Items from a dataset:
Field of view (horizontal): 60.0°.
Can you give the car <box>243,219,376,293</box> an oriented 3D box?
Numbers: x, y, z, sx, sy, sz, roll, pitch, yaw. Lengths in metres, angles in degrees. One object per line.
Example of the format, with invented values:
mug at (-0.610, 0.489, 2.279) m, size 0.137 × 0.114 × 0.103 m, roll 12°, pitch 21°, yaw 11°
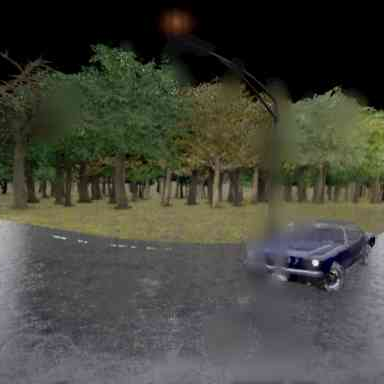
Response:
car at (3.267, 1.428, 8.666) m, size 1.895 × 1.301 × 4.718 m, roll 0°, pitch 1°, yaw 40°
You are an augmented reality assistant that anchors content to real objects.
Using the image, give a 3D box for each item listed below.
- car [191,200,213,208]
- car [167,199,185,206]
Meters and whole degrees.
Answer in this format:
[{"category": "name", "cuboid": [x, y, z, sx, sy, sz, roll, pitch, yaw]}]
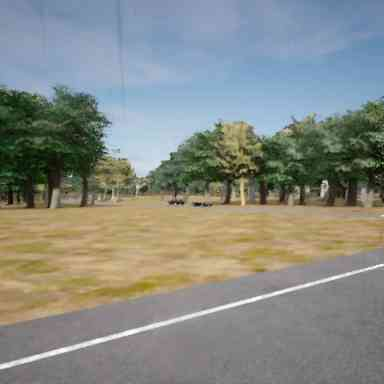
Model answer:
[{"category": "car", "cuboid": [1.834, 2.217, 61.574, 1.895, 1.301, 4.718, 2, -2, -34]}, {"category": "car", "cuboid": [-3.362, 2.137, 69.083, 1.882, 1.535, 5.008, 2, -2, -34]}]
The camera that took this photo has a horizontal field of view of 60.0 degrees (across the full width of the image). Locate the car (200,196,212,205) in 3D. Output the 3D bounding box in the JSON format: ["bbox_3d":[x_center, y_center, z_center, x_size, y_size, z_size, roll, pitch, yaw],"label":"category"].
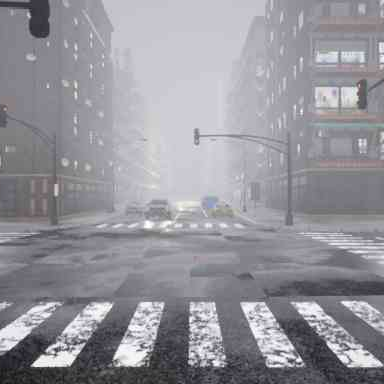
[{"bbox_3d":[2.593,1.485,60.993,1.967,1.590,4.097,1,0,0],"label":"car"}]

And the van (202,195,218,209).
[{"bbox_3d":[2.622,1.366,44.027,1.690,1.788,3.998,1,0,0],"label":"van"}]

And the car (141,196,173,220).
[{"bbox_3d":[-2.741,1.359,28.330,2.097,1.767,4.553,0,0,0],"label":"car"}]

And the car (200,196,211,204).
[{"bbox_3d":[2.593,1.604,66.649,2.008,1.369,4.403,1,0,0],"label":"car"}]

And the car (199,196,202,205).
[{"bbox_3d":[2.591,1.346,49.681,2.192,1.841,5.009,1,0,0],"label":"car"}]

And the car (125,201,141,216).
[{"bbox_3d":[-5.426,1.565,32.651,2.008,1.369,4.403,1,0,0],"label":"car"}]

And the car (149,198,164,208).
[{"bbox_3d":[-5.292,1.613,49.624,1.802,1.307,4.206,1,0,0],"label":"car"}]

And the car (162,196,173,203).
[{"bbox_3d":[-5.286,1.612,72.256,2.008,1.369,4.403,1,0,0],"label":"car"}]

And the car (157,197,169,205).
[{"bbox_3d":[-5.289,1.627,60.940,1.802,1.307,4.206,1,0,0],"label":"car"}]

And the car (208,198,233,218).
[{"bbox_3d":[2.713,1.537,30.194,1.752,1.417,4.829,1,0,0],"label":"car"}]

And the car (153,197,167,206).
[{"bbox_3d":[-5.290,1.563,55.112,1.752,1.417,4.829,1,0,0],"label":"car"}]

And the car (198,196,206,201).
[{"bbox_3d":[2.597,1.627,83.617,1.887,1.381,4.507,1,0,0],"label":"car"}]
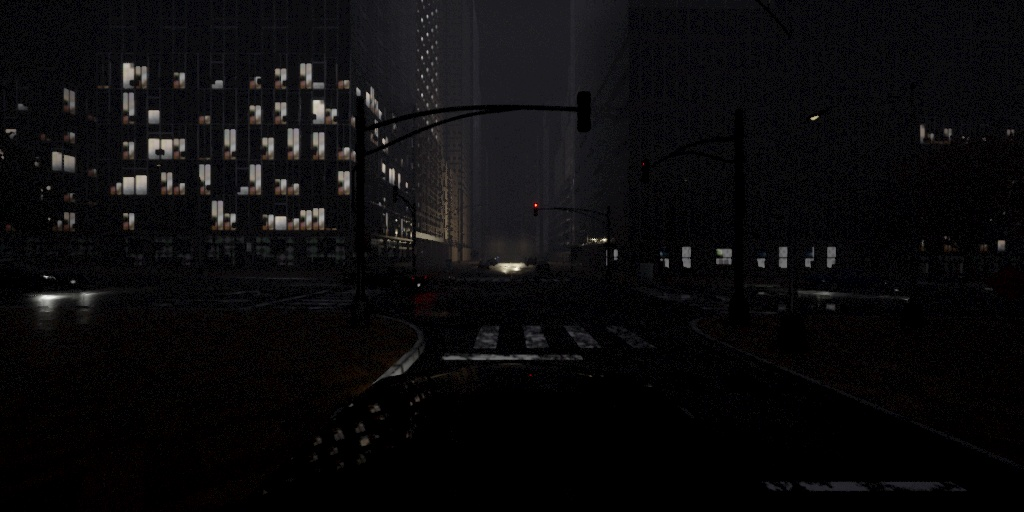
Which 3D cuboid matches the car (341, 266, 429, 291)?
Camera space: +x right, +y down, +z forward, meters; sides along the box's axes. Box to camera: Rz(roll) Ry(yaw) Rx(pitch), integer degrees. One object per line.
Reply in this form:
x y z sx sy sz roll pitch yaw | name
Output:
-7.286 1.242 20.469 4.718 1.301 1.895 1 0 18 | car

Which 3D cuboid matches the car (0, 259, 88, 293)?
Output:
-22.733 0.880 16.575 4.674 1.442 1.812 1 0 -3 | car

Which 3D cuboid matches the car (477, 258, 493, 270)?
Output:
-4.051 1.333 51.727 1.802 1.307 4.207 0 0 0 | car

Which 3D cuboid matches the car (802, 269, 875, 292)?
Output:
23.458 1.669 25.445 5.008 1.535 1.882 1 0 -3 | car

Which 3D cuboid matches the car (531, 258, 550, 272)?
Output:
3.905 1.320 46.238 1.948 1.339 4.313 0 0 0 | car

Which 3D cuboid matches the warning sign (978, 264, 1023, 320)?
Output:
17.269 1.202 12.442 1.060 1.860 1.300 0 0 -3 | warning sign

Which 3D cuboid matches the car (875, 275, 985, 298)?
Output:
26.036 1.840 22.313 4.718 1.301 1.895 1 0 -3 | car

◆ INSTRUCTIONS FOR THE TASK ◆
The whole of the data needs to be copied word for word, though not its pictures.

◆ EXERCISE SOLUTION ◆
Field of view (horizontal): 60.0°.
Can you give the car <box>243,219,376,293</box> an oriented 3D box?
Numbers: x, y, z, sx, sy, sz, roll, pitch, yaw. Lengths in metres, angles in degrees. One object per line.
Example of the format, with invented values:
mug at (-0.610, 0.489, 2.279) m, size 0.137 × 0.114 × 0.103 m, roll 12°, pitch 21°, yaw 11°
Response:
car at (3.267, 1.428, 8.666) m, size 1.895 × 1.301 × 4.718 m, roll 0°, pitch 1°, yaw 40°
You are an augmented reality assistant that anchors content to real objects.
Using the image, give a 3D box for each item listed below.
- car [191,200,213,208]
- car [167,199,185,206]
Meters and whole degrees.
Answer in this format:
[{"category": "name", "cuboid": [x, y, z, sx, sy, sz, roll, pitch, yaw]}]
Model answer:
[{"category": "car", "cuboid": [1.834, 2.217, 61.574, 1.895, 1.301, 4.718, 2, -2, -34]}, {"category": "car", "cuboid": [-3.362, 2.137, 69.083, 1.882, 1.535, 5.008, 2, -2, -34]}]
The camera that took this photo has a horizontal field of view of 60.0 degrees (across the full width of the image). Locate the car (200,196,212,205) in 3D. Output the 3D bounding box in the JSON format: ["bbox_3d":[x_center, y_center, z_center, x_size, y_size, z_size, roll, pitch, yaw],"label":"category"].
[{"bbox_3d":[2.593,1.485,60.993,1.967,1.590,4.097,1,0,0],"label":"car"}]

And the van (202,195,218,209).
[{"bbox_3d":[2.622,1.366,44.027,1.690,1.788,3.998,1,0,0],"label":"van"}]

And the car (141,196,173,220).
[{"bbox_3d":[-2.741,1.359,28.330,2.097,1.767,4.553,0,0,0],"label":"car"}]

And the car (200,196,211,204).
[{"bbox_3d":[2.593,1.604,66.649,2.008,1.369,4.403,1,0,0],"label":"car"}]

And the car (199,196,202,205).
[{"bbox_3d":[2.591,1.346,49.681,2.192,1.841,5.009,1,0,0],"label":"car"}]

And the car (125,201,141,216).
[{"bbox_3d":[-5.426,1.565,32.651,2.008,1.369,4.403,1,0,0],"label":"car"}]

And the car (149,198,164,208).
[{"bbox_3d":[-5.292,1.613,49.624,1.802,1.307,4.206,1,0,0],"label":"car"}]

And the car (162,196,173,203).
[{"bbox_3d":[-5.286,1.612,72.256,2.008,1.369,4.403,1,0,0],"label":"car"}]

And the car (157,197,169,205).
[{"bbox_3d":[-5.289,1.627,60.940,1.802,1.307,4.206,1,0,0],"label":"car"}]

And the car (208,198,233,218).
[{"bbox_3d":[2.713,1.537,30.194,1.752,1.417,4.829,1,0,0],"label":"car"}]

And the car (153,197,167,206).
[{"bbox_3d":[-5.290,1.563,55.112,1.752,1.417,4.829,1,0,0],"label":"car"}]

And the car (198,196,206,201).
[{"bbox_3d":[2.597,1.627,83.617,1.887,1.381,4.507,1,0,0],"label":"car"}]
Which 3D cuboid matches the car (341, 266, 429, 291)?
Camera space: +x right, +y down, +z forward, meters; sides along the box's axes. Box to camera: Rz(roll) Ry(yaw) Rx(pitch), integer degrees. One object per line.
Reply in this form:
x y z sx sy sz roll pitch yaw | name
Output:
-7.286 1.242 20.469 4.718 1.301 1.895 1 0 18 | car

Which 3D cuboid matches the car (0, 259, 88, 293)?
Output:
-22.733 0.880 16.575 4.674 1.442 1.812 1 0 -3 | car

Which 3D cuboid matches the car (477, 258, 493, 270)?
Output:
-4.051 1.333 51.727 1.802 1.307 4.207 0 0 0 | car

Which 3D cuboid matches the car (802, 269, 875, 292)?
Output:
23.458 1.669 25.445 5.008 1.535 1.882 1 0 -3 | car

Which 3D cuboid matches the car (531, 258, 550, 272)?
Output:
3.905 1.320 46.238 1.948 1.339 4.313 0 0 0 | car

Which 3D cuboid matches the warning sign (978, 264, 1023, 320)?
Output:
17.269 1.202 12.442 1.060 1.860 1.300 0 0 -3 | warning sign

Which 3D cuboid matches the car (875, 275, 985, 298)?
Output:
26.036 1.840 22.313 4.718 1.301 1.895 1 0 -3 | car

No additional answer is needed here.